Pada periode inilah metode penelitian mulai

menemukan cirinya sebagai metode ilmiah di mana

pemiliran yang logis mulai digunakan dengan diperkuat

oleh fakta-fakta berupa data penelitian. Dugaan, baik berupa

hipotesis maupun asumsi digunakan sebagai arah yang akan

membantu di dalam pelaksanaan penelitian, terutama saat

pengumpulan data.

D. TIGA TEORI KEBENARAN

Para teolog, demikian juga mungkin dengan para

ilmuan, percaya bahwa kebenaran yang mutlak hanyalah

ada pada Tuhan. Kebenaran ilmiah adalah kebenaran yang

relative dan tentative. Mengenai teori kebenaran sedikitnya

terdapat tiga teori kebenaran yaitu teori (a) koherensi, (b)

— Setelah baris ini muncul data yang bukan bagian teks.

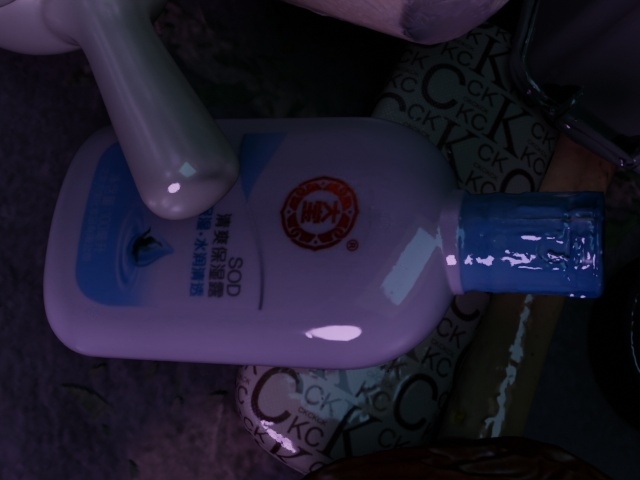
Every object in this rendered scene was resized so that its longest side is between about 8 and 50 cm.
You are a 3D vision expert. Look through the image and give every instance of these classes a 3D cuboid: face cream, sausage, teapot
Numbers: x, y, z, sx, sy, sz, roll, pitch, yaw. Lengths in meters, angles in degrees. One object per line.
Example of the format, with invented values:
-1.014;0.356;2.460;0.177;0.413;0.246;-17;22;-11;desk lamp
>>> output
0.000;0.000;0.646;0.336;0.080;0.163;2;68;17;face cream
0.164;0.017;0.785;0.065;0.066;0.301;27;71;-10;sausage
-0.145;-0.181;0.636;0.318;0.220;0.149;30;30;18;teapot

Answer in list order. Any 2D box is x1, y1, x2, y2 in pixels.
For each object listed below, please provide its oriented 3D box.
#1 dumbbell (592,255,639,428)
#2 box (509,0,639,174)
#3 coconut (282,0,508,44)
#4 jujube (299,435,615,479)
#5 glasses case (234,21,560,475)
0.307;0.062;0.734;0.152;0.218;0.153;4;77;-16;dumbbell
0.251;-0.182;0.775;0.163;0.135;0.243;32;51;-13;box
0.048;-0.281;0.689;0.297;0.297;0.310;-12;80;-19;coconut
0.092;0.206;0.640;0.255;0.190;0.190;17;73;-34;jujube
0.062;-0.001;0.745;0.137;0.085;0.355;28;72;-5;glasses case
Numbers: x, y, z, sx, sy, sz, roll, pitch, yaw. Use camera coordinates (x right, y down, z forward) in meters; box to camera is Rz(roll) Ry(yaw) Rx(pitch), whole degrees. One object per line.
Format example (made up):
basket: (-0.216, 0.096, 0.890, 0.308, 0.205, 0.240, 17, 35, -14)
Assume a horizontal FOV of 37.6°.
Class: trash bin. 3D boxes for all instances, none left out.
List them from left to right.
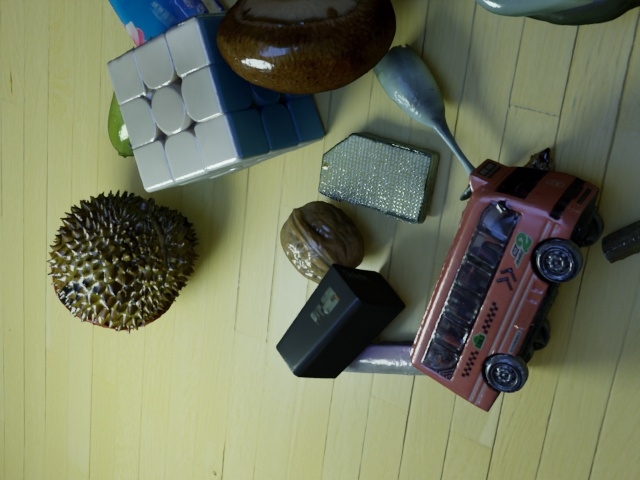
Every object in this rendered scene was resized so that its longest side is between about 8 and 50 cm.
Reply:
trash bin: (0.035, 0.172, 1.937, 0.225, 0.165, 0.115, -51, 56, 21)

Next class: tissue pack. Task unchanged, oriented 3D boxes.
tissue pack: (-0.360, -0.544, 2.089, 0.209, 0.137, 0.270, -37, 79, 36)

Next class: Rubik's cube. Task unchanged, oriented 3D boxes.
Rubik's cube: (-0.215, -0.290, 1.955, 0.291, 0.290, 0.292, -16, 94, 39)

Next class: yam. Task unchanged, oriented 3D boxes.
yam: (0.546, -0.006, 1.612, 0.132, 0.054, 0.054, -29, 84, 40)

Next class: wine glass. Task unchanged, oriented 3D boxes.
wine glass: (0.155, -0.196, 1.721, 0.310, 0.264, 0.096, 56, 144, 10)

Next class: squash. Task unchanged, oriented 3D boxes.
squash: (-0.431, -0.309, 2.217, 0.132, 0.132, 0.247, 37, 124, 23)

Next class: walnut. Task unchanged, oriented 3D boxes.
walnut: (0.000, 0.000, 1.965, 0.184, 0.155, 0.155, 48, 126, 20)

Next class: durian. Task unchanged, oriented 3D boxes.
durian: (-0.466, 0.049, 2.217, 0.347, 0.347, 0.384, 42, 127, 21)

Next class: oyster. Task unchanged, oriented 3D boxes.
oyster: (0.382, -0.110, 1.719, 0.086, 0.029, 0.132, 13, 112, 34)

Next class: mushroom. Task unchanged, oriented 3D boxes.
mushroom: (-0.041, -0.429, 1.750, 0.345, 0.345, 0.260, 15, 137, 33)

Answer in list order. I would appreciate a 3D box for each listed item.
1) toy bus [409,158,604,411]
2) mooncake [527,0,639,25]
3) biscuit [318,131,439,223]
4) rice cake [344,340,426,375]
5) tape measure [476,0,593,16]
toy bus: (0.326, 0.073, 1.680, 0.233, 0.203, 0.427, 27, 121, 17)
mooncake: (0.408, -0.515, 1.483, 0.356, 0.194, 0.357, 12, 112, 31)
biscuit: (0.113, -0.134, 1.903, 0.252, 0.052, 0.150, 18, 110, 31)
rice cake: (0.113, 0.248, 2.003, 0.398, 0.064, 0.070, -4, 93, 38)
tape measure: (0.308, -0.453, 1.377, 0.243, 0.125, 0.246, 14, 109, 38)
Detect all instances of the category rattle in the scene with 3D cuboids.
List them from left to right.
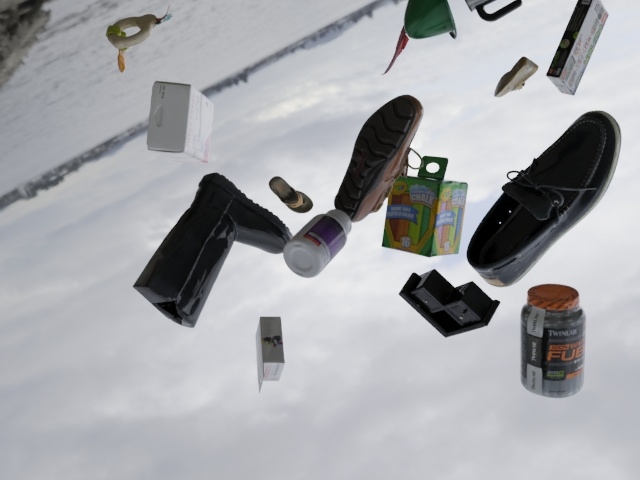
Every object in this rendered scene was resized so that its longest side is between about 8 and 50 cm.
[{"bbox_3d":[-0.499,-0.576,1.980,0.199,0.143,0.130,-30,-145,-18],"label":"rattle"}]

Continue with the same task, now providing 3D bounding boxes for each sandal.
[{"bbox_3d":[-0.093,-0.142,2.236,0.072,0.180,0.049,-51,-148,1],"label":"sandal"}]

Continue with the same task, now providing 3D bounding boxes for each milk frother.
[{"bbox_3d":[0.382,-0.574,1.546,0.134,0.129,0.143,-23,162,26],"label":"milk frother"}]

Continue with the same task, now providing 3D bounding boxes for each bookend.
[{"bbox_3d":[0.285,0.129,1.537,0.072,0.156,0.157,-52,-170,-30],"label":"bookend"}]

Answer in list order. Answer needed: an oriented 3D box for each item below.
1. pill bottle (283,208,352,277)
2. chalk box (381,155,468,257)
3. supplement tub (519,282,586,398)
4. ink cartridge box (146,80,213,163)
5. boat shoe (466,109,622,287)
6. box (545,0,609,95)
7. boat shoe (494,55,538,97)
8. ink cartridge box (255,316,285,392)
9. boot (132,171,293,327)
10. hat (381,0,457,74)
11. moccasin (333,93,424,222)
[{"bbox_3d":[0.000,0.000,1.679,0.108,0.108,0.193,-15,-161,38],"label":"pill bottle"},{"bbox_3d":[0.318,-0.109,2.072,0.180,0.289,0.179,12,-170,38],"label":"chalk box"},{"bbox_3d":[0.710,0.304,2.116,0.193,0.316,0.193,-6,-162,2],"label":"supplement tub"},{"bbox_3d":[-0.423,-0.353,2.117,0.117,0.207,0.283,6,-179,5],"label":"ink cartridge box"},{"bbox_3d":[0.534,-0.099,1.673,0.500,0.156,0.187,-54,-133,17],"label":"boat shoe"},{"bbox_3d":[0.595,-0.453,1.596,0.036,0.114,0.207,25,-87,38],"label":"box"},{"bbox_3d":[0.547,-0.446,1.931,0.170,0.059,0.063,133,-25,-66],"label":"boat shoe"},{"bbox_3d":[-0.135,0.307,1.849,0.061,0.104,0.181,2,-129,-12],"label":"ink cartridge box"},{"bbox_3d":[-0.302,0.068,2.068,0.146,0.367,0.445,-30,-151,47],"label":"boot"},{"bbox_3d":[0.189,-0.482,1.532,0.183,0.208,0.173,-23,-156,9],"label":"hat"},{"bbox_3d":[0.164,-0.200,1.739,0.147,0.380,0.139,-17,-130,-38],"label":"moccasin"}]
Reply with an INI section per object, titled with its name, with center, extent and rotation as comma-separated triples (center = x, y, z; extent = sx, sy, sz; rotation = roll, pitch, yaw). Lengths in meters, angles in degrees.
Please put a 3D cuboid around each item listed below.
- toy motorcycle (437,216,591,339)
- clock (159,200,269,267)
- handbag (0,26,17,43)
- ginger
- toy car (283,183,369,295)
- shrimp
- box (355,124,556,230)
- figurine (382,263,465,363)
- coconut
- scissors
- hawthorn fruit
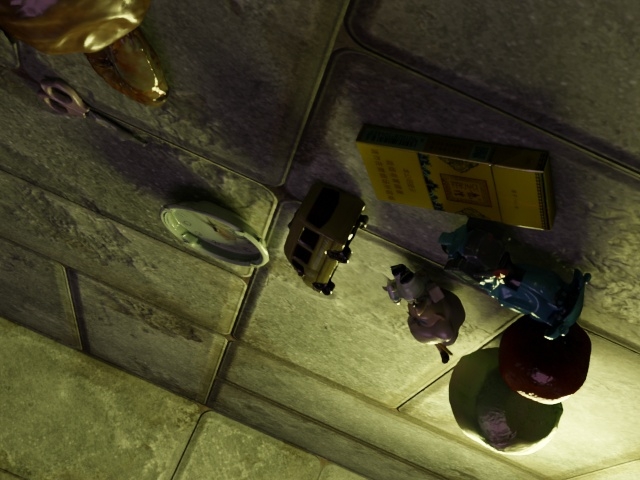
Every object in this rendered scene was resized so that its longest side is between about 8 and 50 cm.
[toy motorcycle]
center = 0.314, 0.064, 1.455
extent = 0.272, 0.123, 0.182
rotation = 33, 165, -22
[clock]
center = -0.205, -0.022, 1.828
extent = 0.237, 0.053, 0.236
rotation = 21, 158, 9
[handbag]
center = -0.501, -0.405, 1.278
extent = 0.223, 0.080, 0.247
rotation = 33, 158, -3
[ginger]
center = -0.284, -0.344, 1.054
extent = 0.269, 0.200, 0.223
rotation = -43, 155, 25
[toy car]
center = 0.000, 0.000, 1.630
extent = 0.124, 0.101, 0.256
rotation = 28, 155, 2
[shrimp]
center = -0.305, -0.287, 1.360
extent = 0.154, 0.062, 0.294
rotation = 26, 159, 9
[box]
center = 0.197, -0.092, 1.333
extent = 0.279, 0.041, 0.153
rotation = 12, 153, 25
[figurine]
center = 0.201, 0.124, 1.704
extent = 0.229, 0.112, 0.137
rotation = 52, 172, -36
[coconut]
center = 0.368, 0.318, 1.837
extent = 0.236, 0.204, 0.236
rotation = 11, -177, -1
[scissors]
center = -0.406, -0.220, 1.640
extent = 0.212, 0.021, 0.110
rotation = 31, 157, -15
[hawthorn fruit]
center = 0.391, 0.213, 1.628
extent = 0.169, 0.169, 0.188
rotation = 21, 145, 7
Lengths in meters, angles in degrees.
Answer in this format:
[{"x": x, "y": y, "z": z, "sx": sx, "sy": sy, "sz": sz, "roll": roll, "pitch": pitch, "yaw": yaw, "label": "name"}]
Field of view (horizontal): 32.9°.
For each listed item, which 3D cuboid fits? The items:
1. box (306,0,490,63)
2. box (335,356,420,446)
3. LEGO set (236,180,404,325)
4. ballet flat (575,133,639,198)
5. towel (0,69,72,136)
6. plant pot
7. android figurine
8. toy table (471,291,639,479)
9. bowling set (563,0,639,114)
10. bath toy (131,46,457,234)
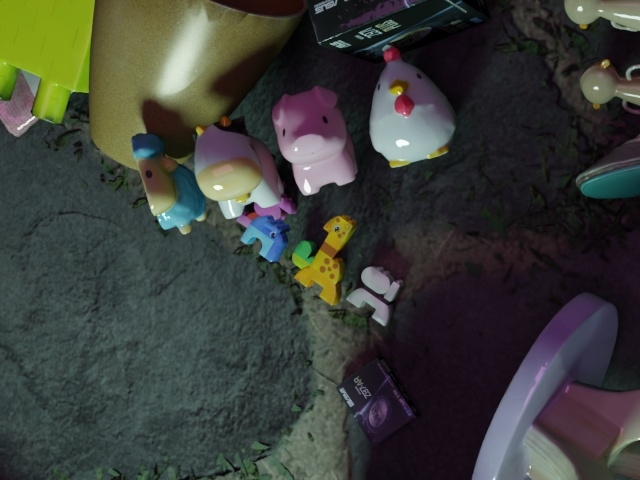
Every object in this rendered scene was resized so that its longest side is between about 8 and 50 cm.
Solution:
[{"x": 0.085, "y": -0.259, "z": 1.167, "sx": 0.147, "sy": 0.180, "sz": 0.078, "roll": -18, "pitch": 85, "yaw": 22, "label": "box"}, {"x": 0.067, "y": 0.189, "z": 1.276, "sx": 0.067, "sy": 0.018, "sz": 0.083, "roll": -36, "pitch": 79, "yaw": 19, "label": "box"}, {"x": 0.000, "y": 0.000, "z": 1.261, "sx": 0.227, "sy": 0.087, "sz": 0.093, "roll": 35, "pitch": 104, "yaw": 16, "label": "LEGO set"}, {"x": 0.372, "y": -0.092, "z": 1.126, "sx": 0.213, "sy": 0.072, "sz": 0.068, "roll": -8, "pitch": 61, "yaw": 22, "label": "ballet flat"}, {"x": -0.344, "y": -0.324, "z": 1.420, "sx": 0.329, "sy": 0.037, "sz": 0.237, "roll": -35, "pitch": 80, "yaw": 19, "label": "towel"}, {"x": -0.175, "y": -0.215, "z": 1.269, "sx": 0.237, "sy": 0.237, "sz": 0.254, "roll": 39, "pitch": 120, "yaw": 17, "label": "plant pot"}, {"x": -0.340, "y": -0.295, "z": 1.373, "sx": 0.248, "sy": 0.056, "sz": 0.273, "roll": 22, "pitch": 100, "yaw": 17, "label": "android figurine"}, {"x": 0.274, "y": 0.211, "z": 1.085, "sx": 0.161, "sy": 0.252, "sz": 0.274, "roll": 32, "pitch": 119, "yaw": 34, "label": "toy table"}, {"x": 0.333, "y": -0.278, "z": 1.091, "sx": 0.154, "sy": 0.287, "sz": 0.200, "roll": 11, "pitch": 53, "yaw": 14, "label": "bowling set"}, {"x": -0.025, "y": -0.113, "z": 1.199, "sx": 0.348, "sy": 0.151, "sz": 0.129, "roll": -17, "pitch": 101, "yaw": 6, "label": "bath toy"}]
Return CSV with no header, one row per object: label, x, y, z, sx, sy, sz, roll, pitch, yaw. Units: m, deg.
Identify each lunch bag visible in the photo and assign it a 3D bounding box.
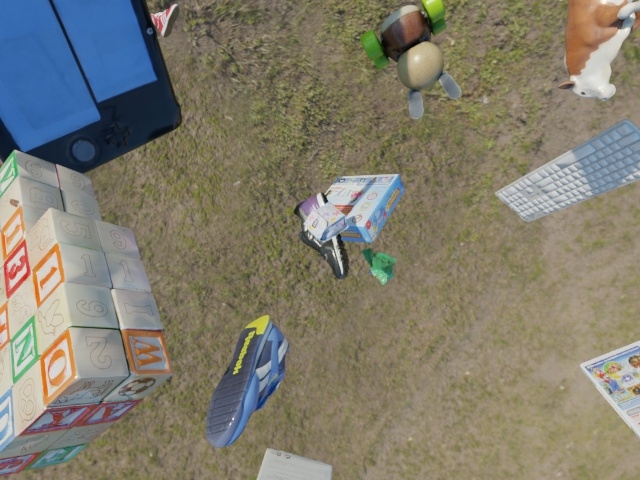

korespondensi, dan (c) pragmatis.

Teori koherensi mempunyai kaitan dengan logika

deduktif. Menurut teori ini suatu pernyataan dianggap

benar apabila mempunyai konsistensi dengan pernyataan

yang sebelumnya telah diakui kebenarannya baik berupa

teori, kaidah maupun hukum. Teori ini banyak

mendapatkan kritik, satu di antaranya dilontarkan oleh

Harold H. Titus (1959) yang menyatakan bahwa kita dapat


saja membangun suatu sistem saling hubungan (koherensi)

yang salah di samping yang benar secara logis, namun

kemudian terbukti sama sekali salah.

Kritik ini memberikan pengertian kepada kita bahwa

kebenaran koherensi baru sampai pada tahap rasional yang

ditarik secara deduktif, oleh karena itu terdapat teori lain

yang dapat memecahkan kemungkinan kesalahan itu yaitu

teori korespondensi.

Teori korespondensi menyebutkan bahwa sesuatu

dianggap benar apabila terdapat kesesuaian dengan suatu

fakta. Dengan demikian dapat difahami bahwa teori

korespondensi bersifat induktif atau berfikir empiris.

Teori pragmatis memandang bahwa sesuatu

dianggap benar apabila sesuatu itu mempunyai manfaat

bagi kehidupan manusia . kendatipun secara koherensi dan korespondensi benar, akan tetapi jika
tidak bermanfaat bagi

kemaslahatan manusia dianggap tidak benar Hal ini

berkaitan erat dengan masalah moral.